Нэла рванулась, уже не чувствуя даже боли от того, что он стиснул ее плечи. Но с таким же успехом она могла рваться из железных оков. Петро не выглядел сильным, но пальцы у него были именно железные.

Она судорожно вдохнула побольше воздуха – поняла, что единственно правильное сейчас это заорать во весь голос. Но он тоже сообразил, что она собирается делать, и, отпустив одно ее плечо, мгновенно зажал ей рот освободившейся рукой. Притом так зажал, чтобы она не могла его укусить; как-то очень ловко и опытно он это сделал. А чтобы она не вырвалась, прижал ее спиной к металлической лесенке. Лесенка спускалась сверху, с какого-то сооружения вроде рубки.

Ступеньки впились Нэле в позвоночник так, что, казалось, вот-вот его переломят, она не могла кричать, она задыхалась, ей было страшно… Но сильнее удушья и страха все-таки было другое – унижение. Никто никогда не унижал ее, тем более вот так, физически, она даже представить не могла, что это возможно, и не на войне где-нибудь, а просто на пустом месте, и чтобы так вел себя не ярый враг, а человек, о существовании которого она всего полчаса назад даже понятия не имела!

Она все-таки закричала «пусти», но вместо крика из-под ладони Петра вырвалось только мычание.

– Чего-чего? – ухмыльнулся он. – Скажи лучше: дядя, прости маленькую засранку. Поняла? Ну!

Слезы брызнули у Нэлы из глаз, она забилась, уже не чувствуя даже боли от вдавившихся в спину ступенек…

И вдруг услышала:

– Петька, ты чего? А ну пусти ее!

Голос донесся сверху, раскатом, как глас с небес. Но шел он, конечно, не с небес, и грохот, который его сопровождал, был не громом небесным.

Загрохотали ступеньки, нависла сверху тень, мелькнула над Нэлиной головой подошва ботинка – и Петро грохнулся на спину с таким звуком, как будто был набит булыжниками, а Нэла упала на него.

Сразу же, как кошка, она вскочила на ноги, отпрыгнула в сторону и увидела, что, лежа на палубе, Петро держится обеими руками за лоб и воет, а по звонкой лесенке спускается очередной неизвестный ей парень.

Никаких незнакомцев она видеть больше не хотела, поэтому, конечно, убежала бы, если бы не странность, которая с ней произошла.
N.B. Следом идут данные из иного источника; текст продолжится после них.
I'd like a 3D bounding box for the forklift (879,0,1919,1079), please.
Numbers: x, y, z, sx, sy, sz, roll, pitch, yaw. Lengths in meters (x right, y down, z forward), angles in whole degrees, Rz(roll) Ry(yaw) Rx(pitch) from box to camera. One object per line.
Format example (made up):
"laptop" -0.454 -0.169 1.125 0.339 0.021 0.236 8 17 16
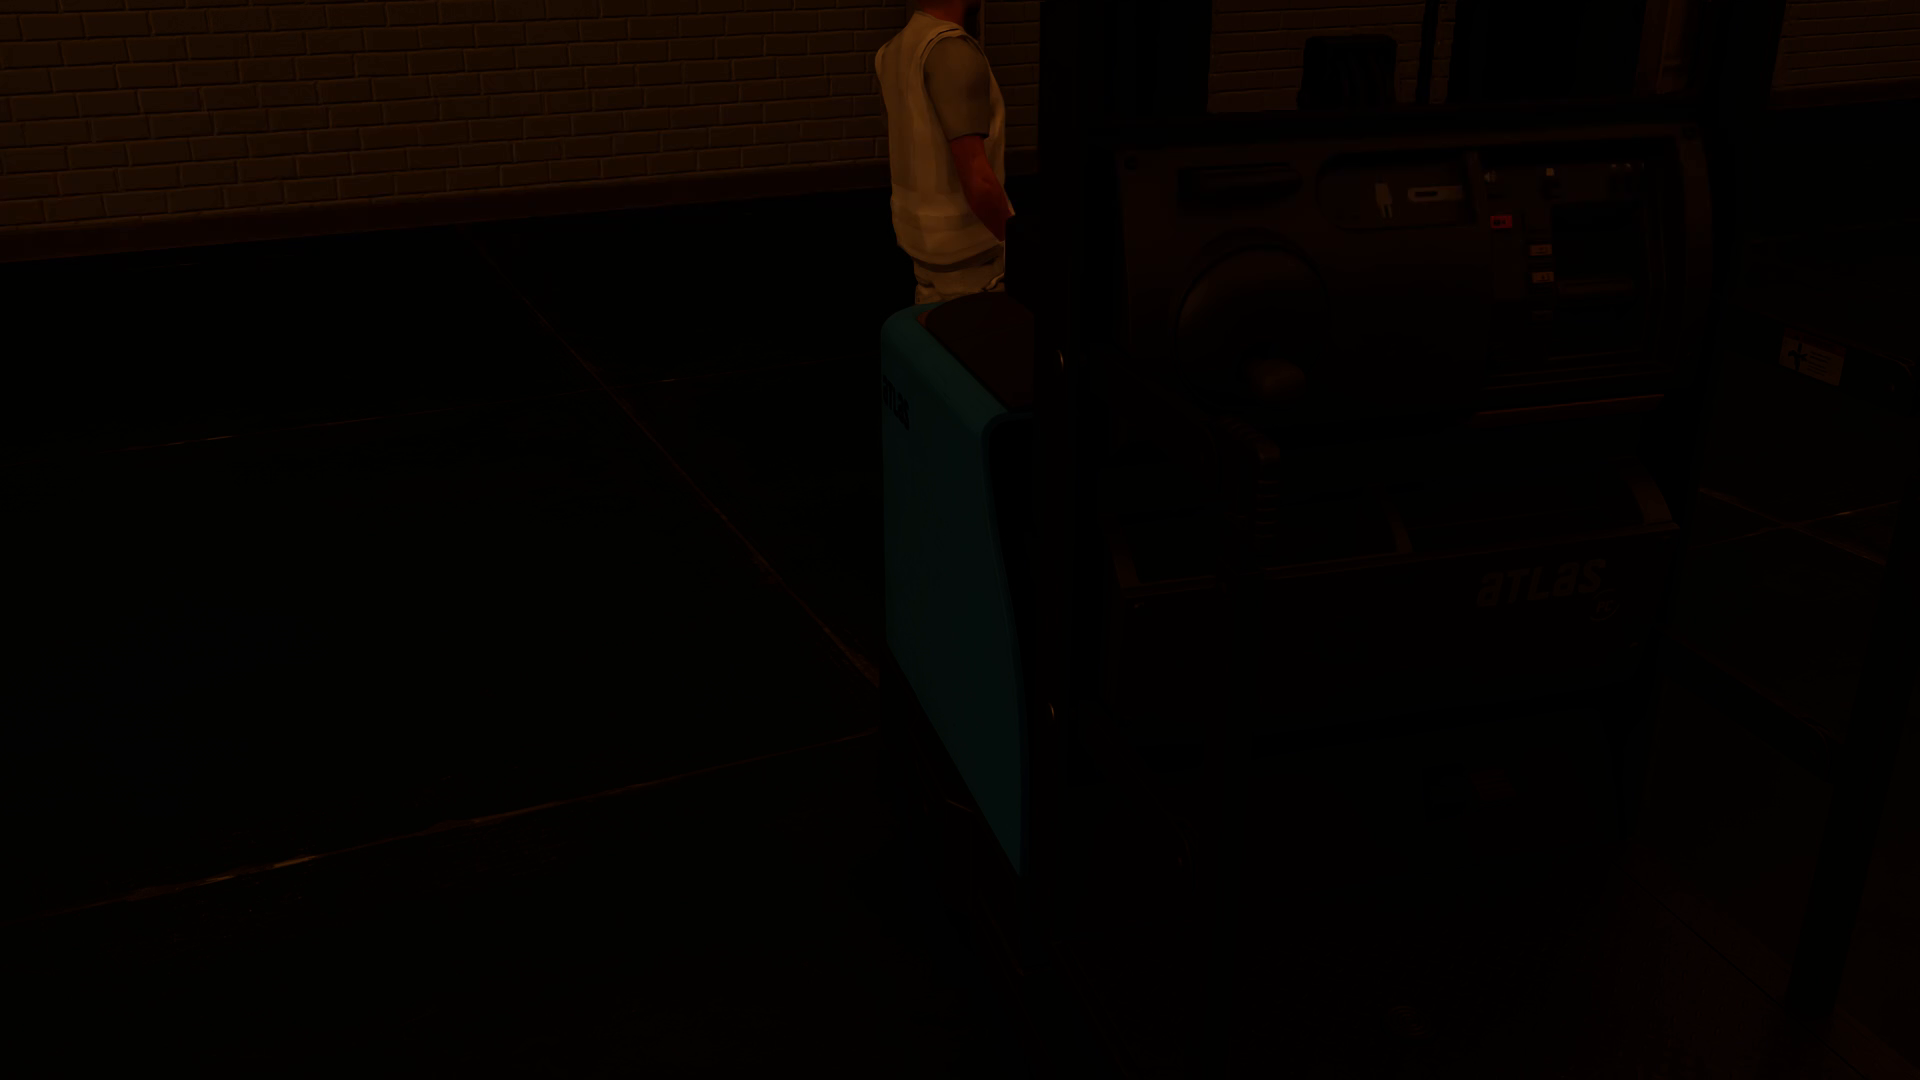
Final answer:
"forklift" 0.721 -0.368 2.172 1.130 2.935 3.031 -6 23 -15

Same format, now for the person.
"person" 0.078 -0.842 4.784 0.562 1.789 0.638 -10 25 -23

Странность заключалась в том, что она не могла сделать ни шагу. Впервые в жизни Нэла поняла, что слова «ноги к земле приросли» не сомнительное преувеличение, а чистая правда. Ноги у нее не подогнулись в коленях, не ослабели, а наоборот, сделались тяжелыми, как чугунные болванки, и всех ее сил было недостаточно, чтобы сдвинуть их с места.

Пока она стояла, застыв в этом неожиданном положении, события разворачивались перед ней стремительно.

Петро отнял руки ото лба, оперся о палубу и поднялся на ноги. Длинный, костистый, он был похож на весеннего медведя, голодного после спячки и потому особенно опасного. И звук, вырвавшийся из его горла, тоже напоминал медвежий рык.

– Убью-у-у! – угрожающе взревел он.

Нэла вздрогнула, хотя понятно было, что угроза относится не к ней. Угроза, ярость, ненависть – все это предназначалось теперь тому самому незнакомцу, который ударил Петра ногой в лоб и стоял перед ним, как будто ожидая, что будет происходить дальше.

На его месте Нэла ожидать ничего не стала бы, а бросилась бы бежать куда глаза глядят, потому что Петро был на голову выше и его плечи хоть и состояли, кажется, из одних только костей, но были какие-то длинные, как и руки, будто шарнирами к плечам приделанные. Руки эти вращались, как лопасти мельниц, а незнакомец подныривал под них, чтобы они не снесли ему голову.

Да, на его месте Нэла, может, и убежала бы, но на своем… Невозможно же убежать, когда на человека, который тебя спас – непонятно от чего, но от чего-то ужасного точно, – надвигается, выкрикивая нечленораздельные угрозы, осатаневший Петро.